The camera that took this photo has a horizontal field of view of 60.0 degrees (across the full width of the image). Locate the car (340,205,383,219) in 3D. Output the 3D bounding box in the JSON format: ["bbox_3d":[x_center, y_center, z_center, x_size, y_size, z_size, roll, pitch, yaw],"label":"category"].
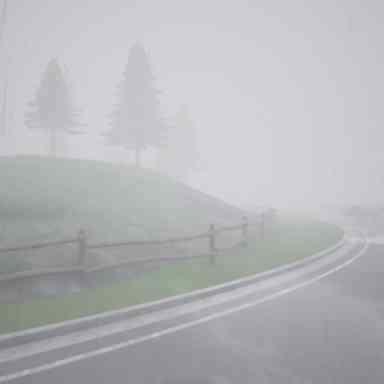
[{"bbox_3d":[18.595,2.197,36.899,2.033,1.411,5.357,0,-1,-4],"label":"car"}]
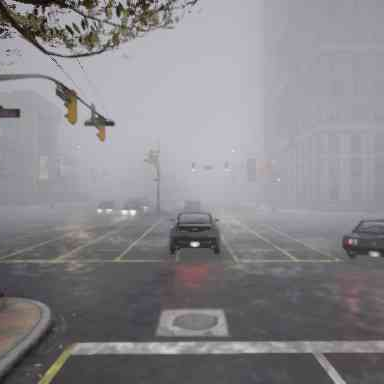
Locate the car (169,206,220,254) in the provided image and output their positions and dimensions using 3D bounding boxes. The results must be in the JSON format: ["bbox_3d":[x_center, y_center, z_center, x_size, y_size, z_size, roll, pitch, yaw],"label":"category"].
[{"bbox_3d":[0.099,1.524,13.670,1.837,1.490,4.892,0,0,0],"label":"car"}]

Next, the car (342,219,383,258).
[{"bbox_3d":[7.010,1.618,11.935,1.895,1.301,4.718,0,0,39],"label":"car"}]

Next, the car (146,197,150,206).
[{"bbox_3d":[-8.026,1.583,54.978,1.837,1.490,4.892,0,0,0],"label":"car"}]

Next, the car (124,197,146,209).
[{"bbox_3d":[-8.033,1.557,45.513,2.128,1.511,4.902,0,0,0],"label":"car"}]

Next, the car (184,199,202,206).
[{"bbox_3d":[0.097,1.547,38.783,2.128,1.511,4.902,0,0,0],"label":"car"}]

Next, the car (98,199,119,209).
[{"bbox_3d":[-11.523,1.630,46.164,1.994,1.385,4.181,0,0,0],"label":"car"}]

--------

■ **Exercise objective**
Only the lines from the one bearing "Next, the car (342,219,383,258)." to the end of the material belong in the answer; set them down verbatim.

■ **Result for this task**
Next, the car (342,219,383,258).
[{"bbox_3d":[7.010,1.618,11.935,1.895,1.301,4.718,0,0,39],"label":"car"}]

Next, the car (146,197,150,206).
[{"bbox_3d":[-8.026,1.583,54.978,1.837,1.490,4.892,0,0,0],"label":"car"}]

Next, the car (124,197,146,209).
[{"bbox_3d":[-8.033,1.557,45.513,2.128,1.511,4.902,0,0,0],"label":"car"}]

Next, the car (184,199,202,206).
[{"bbox_3d":[0.097,1.547,38.783,2.128,1.511,4.902,0,0,0],"label":"car"}]

Next, the car (98,199,119,209).
[{"bbox_3d":[-11.523,1.630,46.164,1.994,1.385,4.181,0,0,0],"label":"car"}]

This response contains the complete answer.